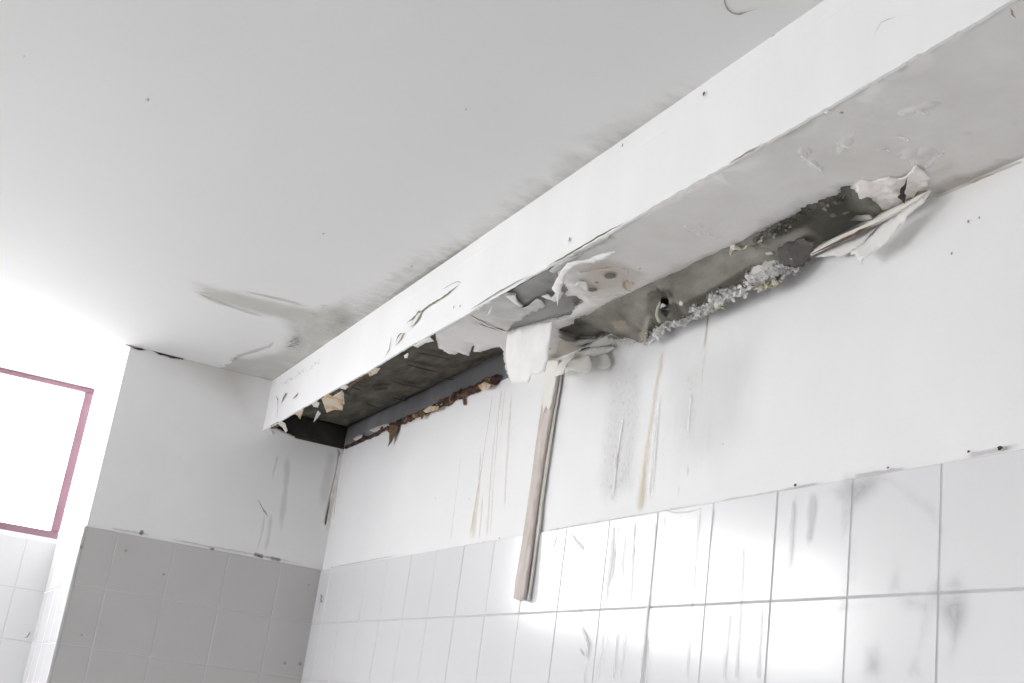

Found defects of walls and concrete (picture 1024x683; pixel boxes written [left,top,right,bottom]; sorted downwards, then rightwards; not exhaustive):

rust [344,374,501,449]
spalling [264,186,882,449]
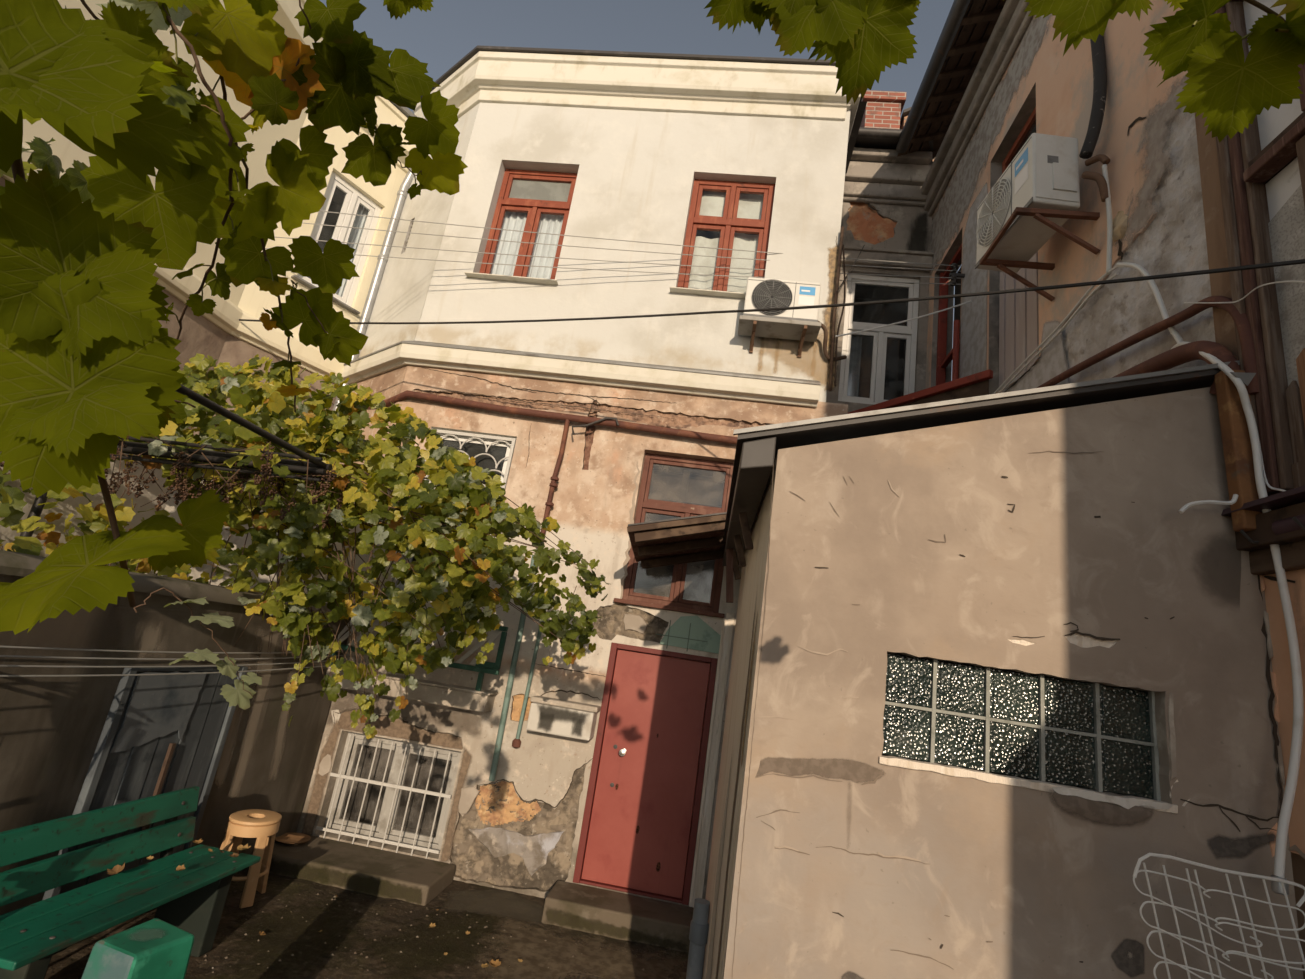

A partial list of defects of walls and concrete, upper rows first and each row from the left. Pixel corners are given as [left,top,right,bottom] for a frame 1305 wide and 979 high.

flaking render [824,202,897,390]
spalling [594,461,669,643]
spalling [1064,622,1120,648]
crack [1180,575,1295,857]
spalling [331,708,593,923]
damp [1112,939,1144,977]
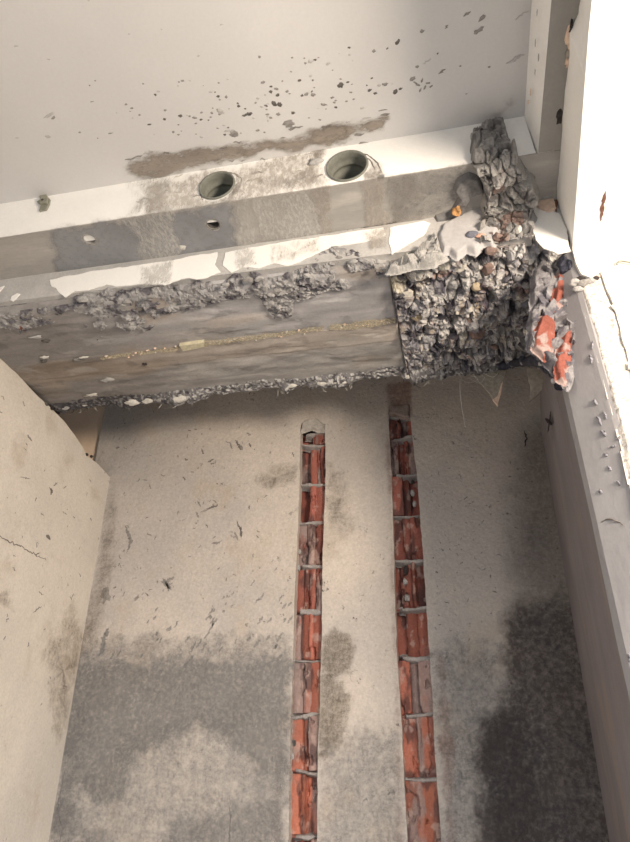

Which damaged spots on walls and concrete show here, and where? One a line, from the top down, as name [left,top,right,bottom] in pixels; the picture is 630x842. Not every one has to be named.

leakage [53,109,390,286]
spalling [0,117,630,486]
crack [0,536,46,560]
spalling [98,628,121,660]
leakage [51,636,294,842]
spalling [178,596,233,668]
leakage [318,632,351,756]
leakage [440,601,609,842]

◆ WHAT YOU ARE ASKED TO DO ◆
Copy every entry exactly, leaving out the pictures.

◆ RESPONSE ◆
Found defects of walls and concrete (picture 1024x683; pixel boxes written [left,top,right,bottom]; sorted downwards, then rightwards; not exhaustive):

rust [344,374,501,449]
spalling [264,186,882,449]

A partial list of defects of walls and concrete, upper rows first and each row from the left. Pixel corners are given as [left,top,right,bottom] for a frame 1305 wide and 979 high.

flaking render [824,202,897,390]
spalling [594,461,669,643]
spalling [1064,622,1120,648]
crack [1180,575,1295,857]
spalling [331,708,593,923]
damp [1112,939,1144,977]

Which damaged spots on walls and concrete show here, and where? One a line, from the top down, as name [left,top,right,bottom] in pixels; the picture is 630x842. Not every one has to be named.

leakage [53,109,390,286]
spalling [0,117,630,486]
crack [0,536,46,560]
spalling [98,628,121,660]
leakage [51,636,294,842]
spalling [178,596,233,668]
leakage [318,632,351,756]
leakage [440,601,609,842]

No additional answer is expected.